(Data under study begins)

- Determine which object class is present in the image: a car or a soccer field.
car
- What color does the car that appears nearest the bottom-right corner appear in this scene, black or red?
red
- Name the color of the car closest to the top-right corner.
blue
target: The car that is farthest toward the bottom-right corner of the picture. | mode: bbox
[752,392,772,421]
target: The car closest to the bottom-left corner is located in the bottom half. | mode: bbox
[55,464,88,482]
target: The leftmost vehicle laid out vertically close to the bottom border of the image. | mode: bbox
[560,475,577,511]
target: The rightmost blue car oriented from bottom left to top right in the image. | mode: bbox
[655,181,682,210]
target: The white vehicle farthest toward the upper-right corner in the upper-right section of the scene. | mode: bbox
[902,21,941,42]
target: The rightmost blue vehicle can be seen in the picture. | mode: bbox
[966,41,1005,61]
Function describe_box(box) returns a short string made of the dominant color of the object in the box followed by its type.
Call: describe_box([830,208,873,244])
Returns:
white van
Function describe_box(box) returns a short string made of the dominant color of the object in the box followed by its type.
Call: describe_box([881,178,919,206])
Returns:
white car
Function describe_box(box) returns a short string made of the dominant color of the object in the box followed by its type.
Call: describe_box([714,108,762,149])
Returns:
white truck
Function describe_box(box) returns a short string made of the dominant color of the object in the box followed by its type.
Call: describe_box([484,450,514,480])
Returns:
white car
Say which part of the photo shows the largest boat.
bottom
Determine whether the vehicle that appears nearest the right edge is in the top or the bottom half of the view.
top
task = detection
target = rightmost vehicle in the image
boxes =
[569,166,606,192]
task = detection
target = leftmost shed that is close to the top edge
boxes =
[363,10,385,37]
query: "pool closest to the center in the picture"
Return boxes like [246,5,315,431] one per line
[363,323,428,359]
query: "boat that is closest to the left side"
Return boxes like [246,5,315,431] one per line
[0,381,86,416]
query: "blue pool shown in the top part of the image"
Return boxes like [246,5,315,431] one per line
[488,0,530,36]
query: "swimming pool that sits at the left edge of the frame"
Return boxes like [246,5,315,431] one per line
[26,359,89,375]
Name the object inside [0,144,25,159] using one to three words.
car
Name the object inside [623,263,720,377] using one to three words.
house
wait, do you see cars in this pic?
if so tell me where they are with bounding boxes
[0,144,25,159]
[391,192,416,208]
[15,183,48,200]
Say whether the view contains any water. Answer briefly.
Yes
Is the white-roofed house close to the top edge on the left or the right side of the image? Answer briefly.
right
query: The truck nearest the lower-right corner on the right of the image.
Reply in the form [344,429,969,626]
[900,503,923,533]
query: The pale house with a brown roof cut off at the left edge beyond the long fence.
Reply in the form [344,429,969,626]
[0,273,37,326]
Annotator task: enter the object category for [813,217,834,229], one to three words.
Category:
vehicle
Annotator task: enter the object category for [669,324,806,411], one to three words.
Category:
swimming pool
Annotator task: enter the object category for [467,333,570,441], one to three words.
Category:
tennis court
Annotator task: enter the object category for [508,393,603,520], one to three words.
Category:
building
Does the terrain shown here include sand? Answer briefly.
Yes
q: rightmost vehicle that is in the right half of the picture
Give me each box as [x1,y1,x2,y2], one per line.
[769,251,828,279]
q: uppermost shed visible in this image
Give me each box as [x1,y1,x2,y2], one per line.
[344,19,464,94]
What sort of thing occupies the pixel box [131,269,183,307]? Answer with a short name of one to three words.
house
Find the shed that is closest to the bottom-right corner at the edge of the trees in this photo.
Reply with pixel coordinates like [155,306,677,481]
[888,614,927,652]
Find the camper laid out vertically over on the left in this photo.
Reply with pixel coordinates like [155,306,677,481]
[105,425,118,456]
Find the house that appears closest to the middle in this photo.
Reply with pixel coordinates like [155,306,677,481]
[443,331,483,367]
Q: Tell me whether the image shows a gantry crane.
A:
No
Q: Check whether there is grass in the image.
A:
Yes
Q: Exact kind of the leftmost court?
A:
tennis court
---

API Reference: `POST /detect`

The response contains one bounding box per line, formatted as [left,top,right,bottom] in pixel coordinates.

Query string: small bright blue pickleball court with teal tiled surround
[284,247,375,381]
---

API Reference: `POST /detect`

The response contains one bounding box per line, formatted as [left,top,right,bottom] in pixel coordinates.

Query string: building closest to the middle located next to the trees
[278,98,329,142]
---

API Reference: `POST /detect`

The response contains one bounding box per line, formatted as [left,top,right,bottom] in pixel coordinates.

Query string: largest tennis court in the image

(Data under study ends)

**Task to complete**
Starting with the line with "Say which part" above and going on through the line with "query: The pale", transcribe every line exactly, both ends included, and add nothing.

**Task response**
Say which part of the photo shows the largest boat.
bottom
Determine whether the vehicle that appears nearest the right edge is in the top or the bottom half of the view.
top
task = detection
target = rightmost vehicle in the image
boxes =
[569,166,606,192]
task = detection
target = leftmost shed that is close to the top edge
boxes =
[363,10,385,37]
query: "pool closest to the center in the picture"
Return boxes like [246,5,315,431] one per line
[363,323,428,359]
query: "boat that is closest to the left side"
Return boxes like [246,5,315,431] one per line
[0,381,86,416]
query: "blue pool shown in the top part of the image"
Return boxes like [246,5,315,431] one per line
[488,0,530,36]
query: "swimming pool that sits at the left edge of the frame"
Return boxes like [246,5,315,431] one per line
[26,359,89,375]
Name the object inside [0,144,25,159] using one to three words.
car
Name the object inside [623,263,720,377] using one to three words.
house
wait, do you see cars in this pic?
if so tell me where they are with bounding boxes
[0,144,25,159]
[391,192,416,208]
[15,183,48,200]
Say whether the view contains any water. Answer briefly.
Yes
Is the white-roofed house close to the top edge on the left or the right side of the image? Answer briefly.
right
query: The truck nearest the lower-right corner on the right of the image.
Reply in the form [344,429,969,626]
[900,503,923,533]
query: The pale house with a brown roof cut off at the left edge beyond the long fence.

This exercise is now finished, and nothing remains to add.